In tour fra i prelibati formaggi della Barbagia

Insieme al pane e alla carne, il formaggio è probabilmente l’alimento più consumato e prelibato della Barbagia, la zona più “vera” e selvaggia della Sardegna. Quella che gli Antichi Romani definivano “la terra dei barbari”, era un’unica, misteriosa landa, fatta di montagne, grotte nascoste, selve impenetrabili e gole profonde; la morfologia di queste terre è caratterizzata dai massicci più imponenti della Sardegna: il Gennargentu la cui vetta, chiamata punta La Marmora, raggiunge i 1834 metri, e il Supramonte, che con monte Corrasi si attesta a 1463 metri. E così un viaggio alla scoperta della Barbagia non può prescindere dalla conoscenza dei suoi formaggi, prodotti da tempo immemorabile ed esportato da diversi consorzi in tutto il mondo. Quello più conosciuto è sicuramente il pecorino sardo, un formaggio semicotto di consistenza morbida ma compatta; esistono anche pecorini stagionati, dai quali si ricava spesso l’illegale formaggio con i vermi. Tra i formaggi vaccini è obbligatorio assaggiare la taedda, una sorta di provola che arrostita risulta essere una vera leccornia.
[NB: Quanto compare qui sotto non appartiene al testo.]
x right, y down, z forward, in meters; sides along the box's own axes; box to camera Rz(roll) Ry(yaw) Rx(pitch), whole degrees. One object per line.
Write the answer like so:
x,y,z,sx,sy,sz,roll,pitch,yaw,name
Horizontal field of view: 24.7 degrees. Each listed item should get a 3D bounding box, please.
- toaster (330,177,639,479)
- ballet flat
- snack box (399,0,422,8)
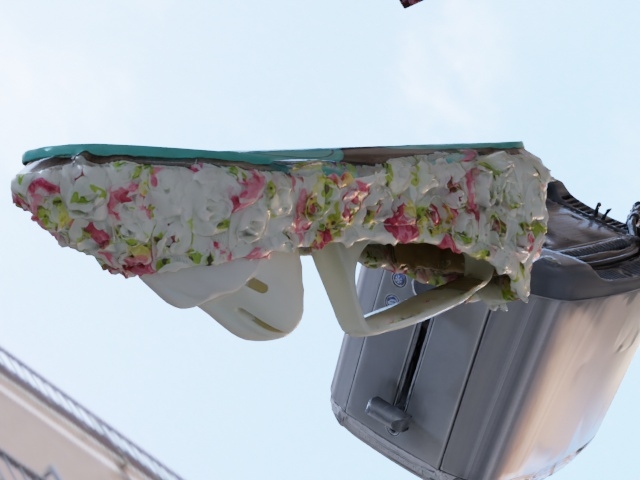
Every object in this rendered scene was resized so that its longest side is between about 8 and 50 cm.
0.103,0.048,0.812,0.227,0.129,0.146,-10,-56,-56,toaster
0.000,0.000,0.562,0.241,0.091,0.077,-3,-94,-34,ballet flat
0.028,-0.270,0.868,0.070,0.174,0.207,-22,-55,13,snack box

Tra i cagli, sa frùe viene solitamente servita con pomodori, e allo stesso modo si usa la Merca, un salatissimo formaggio fresco. Il formaggio trova svariati utilizzi in cucina, sia come condimento per la pasta, sia come piatto unico da assaporare durante il pasto, come la ricotta servita su una foglia di lattuga e cosparsa di miele, sia nella preparazione di dolci. La casadina invece è un tortino con formaggio pecorino, mentre la famosissima seada una specie d’enorme raviolo ripieno di formaggio che, dopo essere stato fritto, viene servito con il miele o con lo zucchero.